[[ Dataset records, beginning ]]

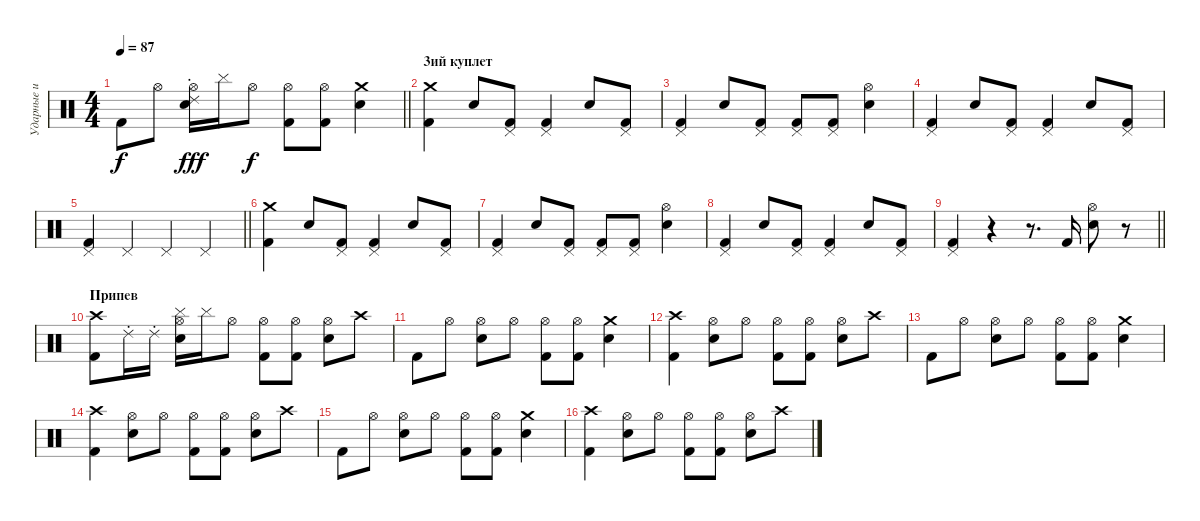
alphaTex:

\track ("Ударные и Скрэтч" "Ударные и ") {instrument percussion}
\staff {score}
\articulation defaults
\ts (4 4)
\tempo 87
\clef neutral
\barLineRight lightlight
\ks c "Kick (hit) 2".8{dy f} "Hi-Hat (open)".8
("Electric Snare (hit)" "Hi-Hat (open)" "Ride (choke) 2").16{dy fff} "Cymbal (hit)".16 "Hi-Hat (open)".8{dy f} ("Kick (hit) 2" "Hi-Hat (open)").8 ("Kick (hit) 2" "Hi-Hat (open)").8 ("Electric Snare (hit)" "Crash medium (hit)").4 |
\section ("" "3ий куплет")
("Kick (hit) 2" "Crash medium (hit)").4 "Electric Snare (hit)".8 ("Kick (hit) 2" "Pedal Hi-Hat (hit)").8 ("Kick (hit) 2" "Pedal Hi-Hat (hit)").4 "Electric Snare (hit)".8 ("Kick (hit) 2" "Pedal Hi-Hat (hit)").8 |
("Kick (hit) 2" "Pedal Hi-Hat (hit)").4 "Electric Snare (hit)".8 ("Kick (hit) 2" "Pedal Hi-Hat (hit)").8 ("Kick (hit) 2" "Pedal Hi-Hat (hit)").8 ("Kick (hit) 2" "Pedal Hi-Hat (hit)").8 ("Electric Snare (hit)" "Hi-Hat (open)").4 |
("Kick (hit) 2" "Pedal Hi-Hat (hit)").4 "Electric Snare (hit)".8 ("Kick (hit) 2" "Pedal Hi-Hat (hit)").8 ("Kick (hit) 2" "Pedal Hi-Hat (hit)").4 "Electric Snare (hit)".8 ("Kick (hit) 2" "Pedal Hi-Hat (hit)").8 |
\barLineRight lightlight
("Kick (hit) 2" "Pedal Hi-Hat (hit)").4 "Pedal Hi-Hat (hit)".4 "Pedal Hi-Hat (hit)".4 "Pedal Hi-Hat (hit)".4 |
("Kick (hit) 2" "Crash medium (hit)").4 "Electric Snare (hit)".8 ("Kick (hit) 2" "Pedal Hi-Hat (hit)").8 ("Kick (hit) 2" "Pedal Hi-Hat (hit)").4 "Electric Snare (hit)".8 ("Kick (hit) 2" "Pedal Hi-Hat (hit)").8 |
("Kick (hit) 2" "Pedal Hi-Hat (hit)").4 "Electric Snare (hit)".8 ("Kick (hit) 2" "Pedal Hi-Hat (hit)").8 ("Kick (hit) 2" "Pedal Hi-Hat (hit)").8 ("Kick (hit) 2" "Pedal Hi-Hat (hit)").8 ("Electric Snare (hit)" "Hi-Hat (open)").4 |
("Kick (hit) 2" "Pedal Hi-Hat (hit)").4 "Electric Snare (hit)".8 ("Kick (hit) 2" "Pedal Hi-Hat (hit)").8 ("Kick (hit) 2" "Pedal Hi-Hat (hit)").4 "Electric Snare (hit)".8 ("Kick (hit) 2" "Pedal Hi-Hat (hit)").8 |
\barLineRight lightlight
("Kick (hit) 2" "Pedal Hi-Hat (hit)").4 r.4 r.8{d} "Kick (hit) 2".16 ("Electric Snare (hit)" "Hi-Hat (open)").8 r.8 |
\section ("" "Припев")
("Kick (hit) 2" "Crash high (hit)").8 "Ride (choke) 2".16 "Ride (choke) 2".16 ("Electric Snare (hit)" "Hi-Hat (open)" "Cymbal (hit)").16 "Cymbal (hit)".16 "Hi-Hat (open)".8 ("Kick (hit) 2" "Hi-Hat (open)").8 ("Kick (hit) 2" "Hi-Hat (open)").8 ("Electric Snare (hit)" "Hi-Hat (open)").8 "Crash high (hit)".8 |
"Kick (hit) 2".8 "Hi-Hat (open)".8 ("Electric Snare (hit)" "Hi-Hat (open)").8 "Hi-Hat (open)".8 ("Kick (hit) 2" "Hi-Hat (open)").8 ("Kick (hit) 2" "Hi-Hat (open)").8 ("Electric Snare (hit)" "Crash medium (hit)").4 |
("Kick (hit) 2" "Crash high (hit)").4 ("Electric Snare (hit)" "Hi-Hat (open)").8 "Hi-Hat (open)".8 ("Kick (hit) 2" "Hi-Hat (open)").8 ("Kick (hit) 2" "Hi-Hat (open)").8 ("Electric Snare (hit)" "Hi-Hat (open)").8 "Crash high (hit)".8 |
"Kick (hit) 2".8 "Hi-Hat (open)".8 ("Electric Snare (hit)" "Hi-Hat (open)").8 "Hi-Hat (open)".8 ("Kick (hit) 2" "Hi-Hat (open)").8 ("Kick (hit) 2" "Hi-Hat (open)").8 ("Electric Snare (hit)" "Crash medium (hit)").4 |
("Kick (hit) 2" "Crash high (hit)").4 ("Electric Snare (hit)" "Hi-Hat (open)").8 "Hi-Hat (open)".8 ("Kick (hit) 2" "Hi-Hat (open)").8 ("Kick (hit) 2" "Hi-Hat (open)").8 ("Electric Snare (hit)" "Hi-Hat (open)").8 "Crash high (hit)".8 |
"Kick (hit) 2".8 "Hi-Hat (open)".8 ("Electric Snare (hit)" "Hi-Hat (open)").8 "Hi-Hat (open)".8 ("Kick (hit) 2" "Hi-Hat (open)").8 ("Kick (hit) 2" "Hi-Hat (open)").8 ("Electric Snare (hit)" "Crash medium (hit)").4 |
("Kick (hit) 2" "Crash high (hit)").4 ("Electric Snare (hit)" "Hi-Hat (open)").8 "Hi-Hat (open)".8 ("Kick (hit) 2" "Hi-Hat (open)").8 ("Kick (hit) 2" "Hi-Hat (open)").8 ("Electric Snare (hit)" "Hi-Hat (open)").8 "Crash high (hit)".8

[[ Dataset records, end ]]

Verbatim repetition of the entries is required, excluding any pictures.

Answer below.
alphaTex:

\track ("Ударные и Скрэтч" "Ударные и ") {instrument percussion}
\staff {score}
\articulation defaults
\ts (4 4)
\tempo 87
\clef neutral
\barLineRight lightlight
\ks c "Kick (hit) 2".8{dy f} "Hi-Hat (open)".8
("Electric Snare (hit)" "Hi-Hat (open)" "Ride (choke) 2").16{dy fff} "Cymbal (hit)".16 "Hi-Hat (open)".8{dy f} ("Kick (hit) 2" "Hi-Hat (open)").8 ("Kick (hit) 2" "Hi-Hat (open)").8 ("Electric Snare (hit)" "Crash medium (hit)").4 |
\section ("" "3ий куплет")
("Kick (hit) 2" "Crash medium (hit)").4 "Electric Snare (hit)".8 ("Kick (hit) 2" "Pedal Hi-Hat (hit)").8 ("Kick (hit) 2" "Pedal Hi-Hat (hit)").4 "Electric Snare (hit)".8 ("Kick (hit) 2" "Pedal Hi-Hat (hit)").8 |
("Kick (hit) 2" "Pedal Hi-Hat (hit)").4 "Electric Snare (hit)".8 ("Kick (hit) 2" "Pedal Hi-Hat (hit)").8 ("Kick (hit) 2" "Pedal Hi-Hat (hit)").8 ("Kick (hit) 2" "Pedal Hi-Hat (hit)").8 ("Electric Snare (hit)" "Hi-Hat (open)").4 |
("Kick (hit) 2" "Pedal Hi-Hat (hit)").4 "Electric Snare (hit)".8 ("Kick (hit) 2" "Pedal Hi-Hat (hit)").8 ("Kick (hit) 2" "Pedal Hi-Hat (hit)").4 "Electric Snare (hit)".8 ("Kick (hit) 2" "Pedal Hi-Hat (hit)").8 |
\barLineRight lightlight
("Kick (hit) 2" "Pedal Hi-Hat (hit)").4 "Pedal Hi-Hat (hit)".4 "Pedal Hi-Hat (hit)".4 "Pedal Hi-Hat (hit)".4 |
("Kick (hit) 2" "Crash medium (hit)").4 "Electric Snare (hit)".8 ("Kick (hit) 2" "Pedal Hi-Hat (hit)").8 ("Kick (hit) 2" "Pedal Hi-Hat (hit)").4 "Electric Snare (hit)".8 ("Kick (hit) 2" "Pedal Hi-Hat (hit)").8 |
("Kick (hit) 2" "Pedal Hi-Hat (hit)").4 "Electric Snare (hit)".8 ("Kick (hit) 2" "Pedal Hi-Hat (hit)").8 ("Kick (hit) 2" "Pedal Hi-Hat (hit)").8 ("Kick (hit) 2" "Pedal Hi-Hat (hit)").8 ("Electric Snare (hit)" "Hi-Hat (open)").4 |
("Kick (hit) 2" "Pedal Hi-Hat (hit)").4 "Electric Snare (hit)".8 ("Kick (hit) 2" "Pedal Hi-Hat (hit)").8 ("Kick (hit) 2" "Pedal Hi-Hat (hit)").4 "Electric Snare (hit)".8 ("Kick (hit) 2" "Pedal Hi-Hat (hit)").8 |
\barLineRight lightlight
("Kick (hit) 2" "Pedal Hi-Hat (hit)").4 r.4 r.8{d} "Kick (hit) 2".16 ("Electric Snare (hit)" "Hi-Hat (open)").8 r.8 |
\section ("" "Припев")
("Kick (hit) 2" "Crash high (hit)").8 "Ride (choke) 2".16 "Ride (choke) 2".16 ("Electric Snare (hit)" "Hi-Hat (open)" "Cymbal (hit)").16 "Cymbal (hit)".16 "Hi-Hat (open)".8 ("Kick (hit) 2" "Hi-Hat (open)").8 ("Kick (hit) 2" "Hi-Hat (open)").8 ("Electric Snare (hit)" "Hi-Hat (open)").8 "Crash high (hit)".8 |
"Kick (hit) 2".8 "Hi-Hat (open)".8 ("Electric Snare (hit)" "Hi-Hat (open)").8 "Hi-Hat (open)".8 ("Kick (hit) 2" "Hi-Hat (open)").8 ("Kick (hit) 2" "Hi-Hat (open)").8 ("Electric Snare (hit)" "Crash medium (hit)").4 |
("Kick (hit) 2" "Crash high (hit)").4 ("Electric Snare (hit)" "Hi-Hat (open)").8 "Hi-Hat (open)".8 ("Kick (hit) 2" "Hi-Hat (open)").8 ("Kick (hit) 2" "Hi-Hat (open)").8 ("Electric Snare (hit)" "Hi-Hat (open)").8 "Crash high (hit)".8 |
"Kick (hit) 2".8 "Hi-Hat (open)".8 ("Electric Snare (hit)" "Hi-Hat (open)").8 "Hi-Hat (open)".8 ("Kick (hit) 2" "Hi-Hat (open)").8 ("Kick (hit) 2" "Hi-Hat (open)").8 ("Electric Snare (hit)" "Crash medium (hit)").4 |
("Kick (hit) 2" "Crash high (hit)").4 ("Electric Snare (hit)" "Hi-Hat (open)").8 "Hi-Hat (open)".8 ("Kick (hit) 2" "Hi-Hat (open)").8 ("Kick (hit) 2" "Hi-Hat (open)").8 ("Electric Snare (hit)" "Hi-Hat (open)").8 "Crash high (hit)".8 |
"Kick (hit) 2".8 "Hi-Hat (open)".8 ("Electric Snare (hit)" "Hi-Hat (open)").8 "Hi-Hat (open)".8 ("Kick (hit) 2" "Hi-Hat (open)").8 ("Kick (hit) 2" "Hi-Hat (open)").8 ("Electric Snare (hit)" "Crash medium (hit)").4 |
("Kick (hit) 2" "Crash high (hit)").4 ("Electric Snare (hit)" "Hi-Hat (open)").8 "Hi-Hat (open)".8 ("Kick (hit) 2" "Hi-Hat (open)").8 ("Kick (hit) 2" "Hi-Hat (open)").8 ("Electric Snare (hit)" "Hi-Hat (open)").8 "Crash high (hit)".8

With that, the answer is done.